Thursday, September 4, 2025

Sympathy for the Devils...

How war affects markets and what investors can learn from history
A few years ago, I sat across from a client who had just read the morning headlines, which announced Russia had just invaded Ukraine. A whole series of scenarios loomed large, making markets jittery.

Unsurprisingly, this client was worried and considering withdrawing his investments – ‘just until things settle down’.

It’s a conversation I’ve had many times with clients over the years. And it always comes from a place of uncertainty, sometimes even fear. Fear of the unknown. Fear of loss. Fear of doing nothing. Fear that this time things will not recover and that all might be lost.

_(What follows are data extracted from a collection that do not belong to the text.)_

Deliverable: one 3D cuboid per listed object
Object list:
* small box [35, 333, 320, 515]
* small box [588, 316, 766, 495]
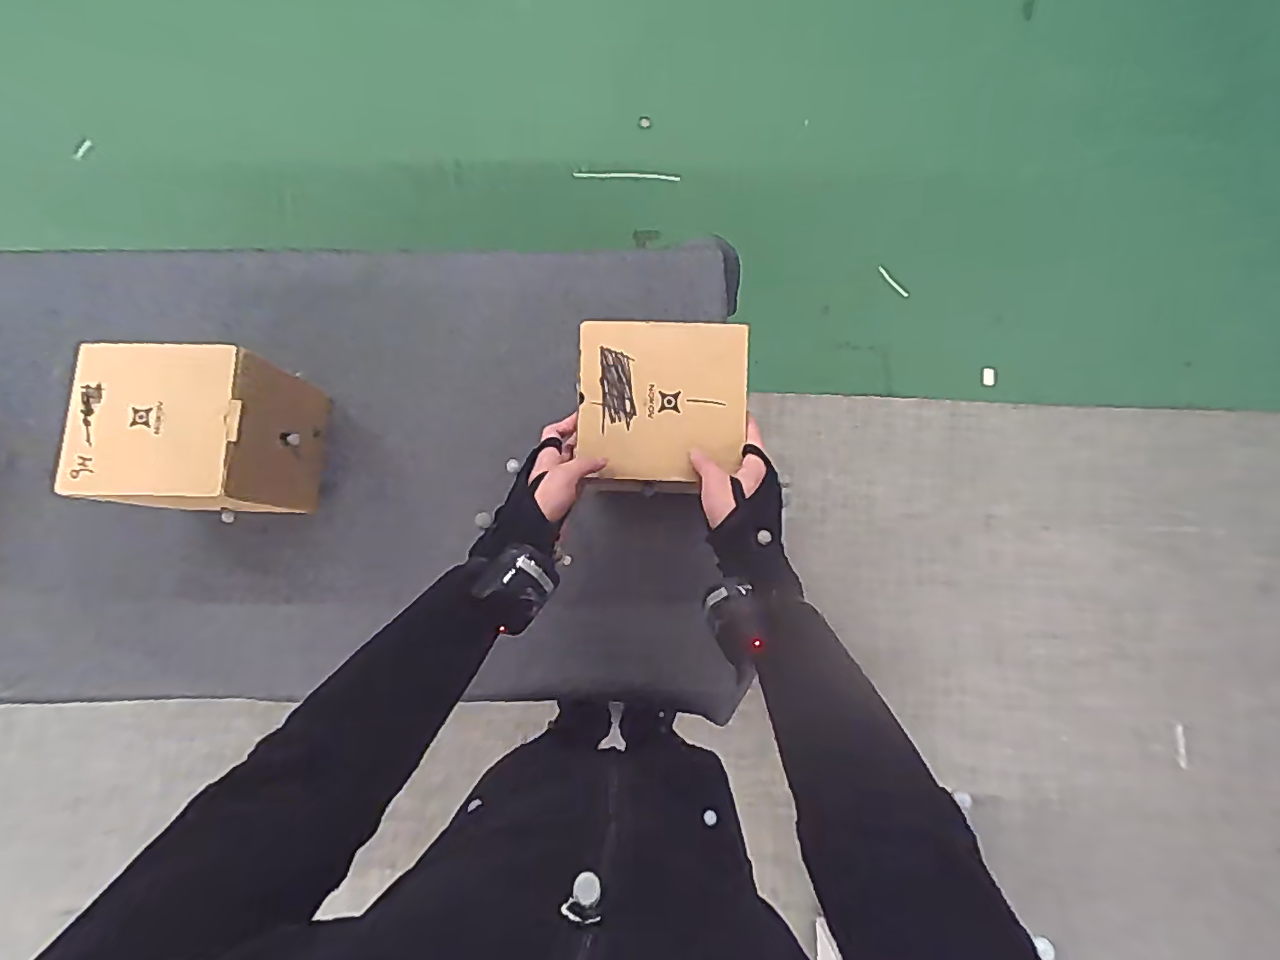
[{"bbox_3d":[-0.498,-0.052,0.616,0.179,0.176,0.168,2,80,-3],"label":"small box"},{"bbox_3d":[0.039,-0.073,0.621,0.179,0.176,0.168,2,83,0],"label":"small box"}]
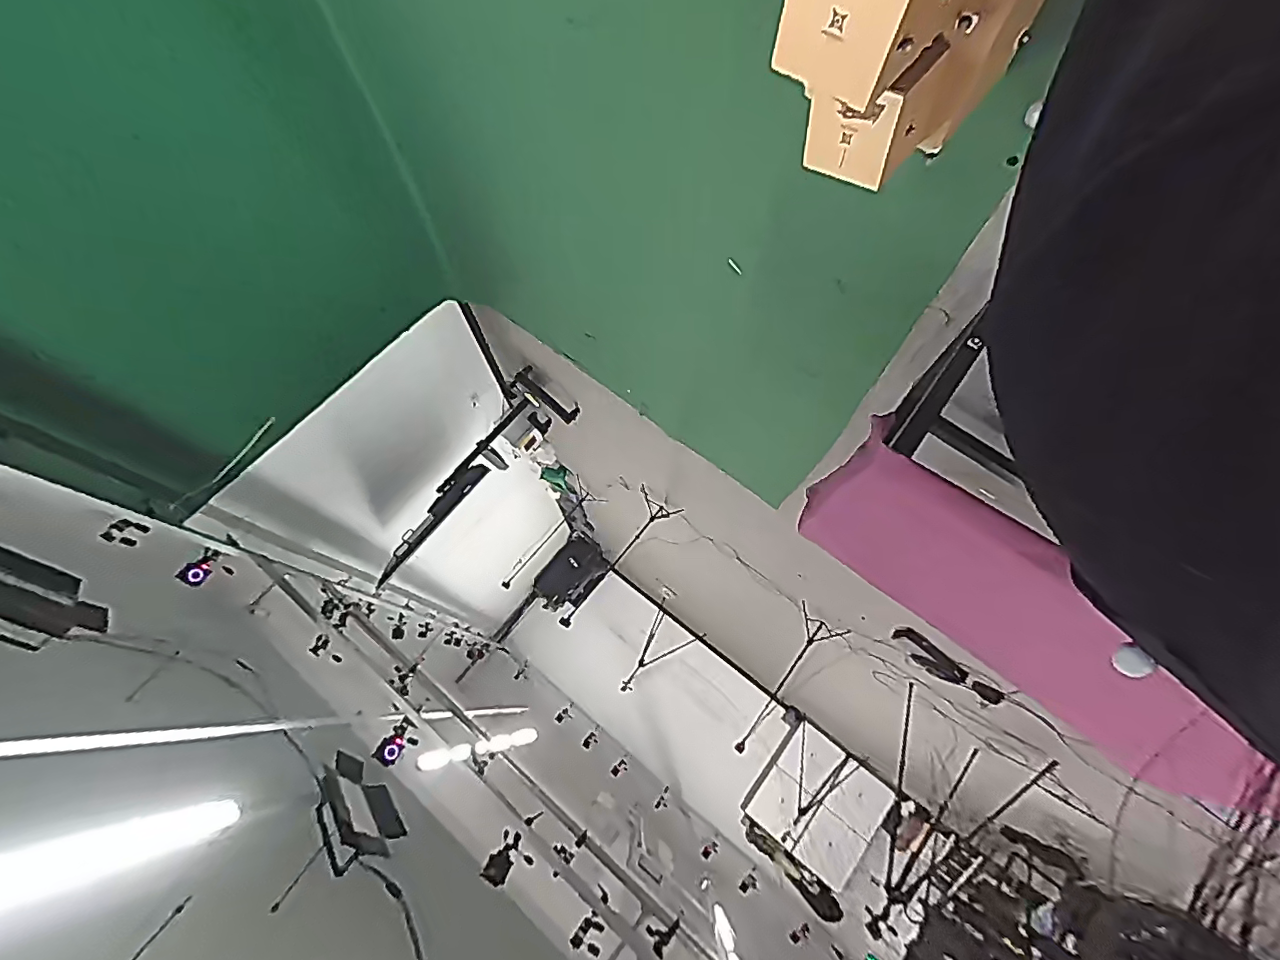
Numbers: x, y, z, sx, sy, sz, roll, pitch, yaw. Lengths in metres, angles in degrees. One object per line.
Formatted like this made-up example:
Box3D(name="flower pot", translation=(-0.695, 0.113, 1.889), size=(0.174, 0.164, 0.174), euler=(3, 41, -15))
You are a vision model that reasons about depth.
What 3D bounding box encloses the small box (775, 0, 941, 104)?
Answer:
Box3D(name="small box", translation=(0.318, -0.682, 0.745), size=(0.168, 0.176, 0.179), euler=(36, 164, 12))

But history has shown us time and again that sometimes the best thing to do is nothing. Not to cave in to our desire to take our chips off the table. The data shows that, if anything, these are the times we should consider adding to investments. And so the client chose wisely. He did nothing and stayed invested. He continued to trust us to navigate the uncertainty.

Markets hate uncertainty, not war

When war looms, markets often stumble. It’s not necessarily the conflict itself that causes the panic, it’s the uncertainty. Investors don’t know what’s coming next, how the political cards will fall, so they react.

But once the fog begins to lift, history shows us that markets recover. Often faster than you’d expect.

Take World War II. When Hitler invaded Poland in 1939, the world held its breath. But the US stock market climbed 10%. After Pearl Harbour, it dipped briefly – just 2.9% – and bounced back within a month. By the end of the war, the Dow Jones had risen by 50%.

That’s not a fluke. It’s a pattern.

The power of perspective

Most people aren’t aware of this pattern, so when in the middle of the storm and news outlets are reporting the worst, they find it hard to imagine the sun coming out again. Consider these events and the performance of the Dow Jones one year after the event:
History gives us perspective. It reminds us that markets are resilient. That investors who stay the course and resist the urge to react, often come out stronger and wealthier.

Across six major conflicts, from World War II to the Iraq and Afghanistan wars, US large-cap and small-cap stocks have not only recovered, but often outperformed their peacetime averages. During World War II, small-cap stocks surged by over 30%. Even during the Korean War, markets delivered double-digit returns.

Why? Because once the initial shock wears off, markets begin to price in the new reality. Governments often increase spending, particularly in defense and infrastructure, which can stimulate economic activity. Certain sectors, like energy, defence, and manufacturing, may even benefit directly.

What should you do when the world feels unstable?

When the world feels uncertain, it’s tempting to do something quickly with your investments. But often, the best move is to pause, take a breath, and remember a few key principles:
  • Don’t panic. Sharp volatility is a normal part of investing. We expect it. Making big financial decisions in the heat of the moment rarely ends well.
  • Stick with your plan. Trying to jump in and out of the market based on feelings or headlines can seriously impact your long-term returns.
  • Spread your risk. A well-diversified portfolio is like a shock absorber. It won’t eliminate bumps in the road, but it makes permanent loss of capital highly unlikely.
  • Look at the bigger picture. Markets have always had ups and downs. But over time, they’ve rewarded patience and discipline. Don’t let short-term noise drown out your long-term goals.
A final thought

In this case, our client didn’t pull out. He stayed invested. And when we spoke to him a year later, he was relieved to have made that decision. Not only did the market rebound, but he was also rewarded with a sense of confidence that he shouldn’t be influenced by outside noise.

The world will always have its moments of chaos. Markets will rise and fall. Headlines will come and go. But an investment strategy should be built to weather storms, not just the sunny days.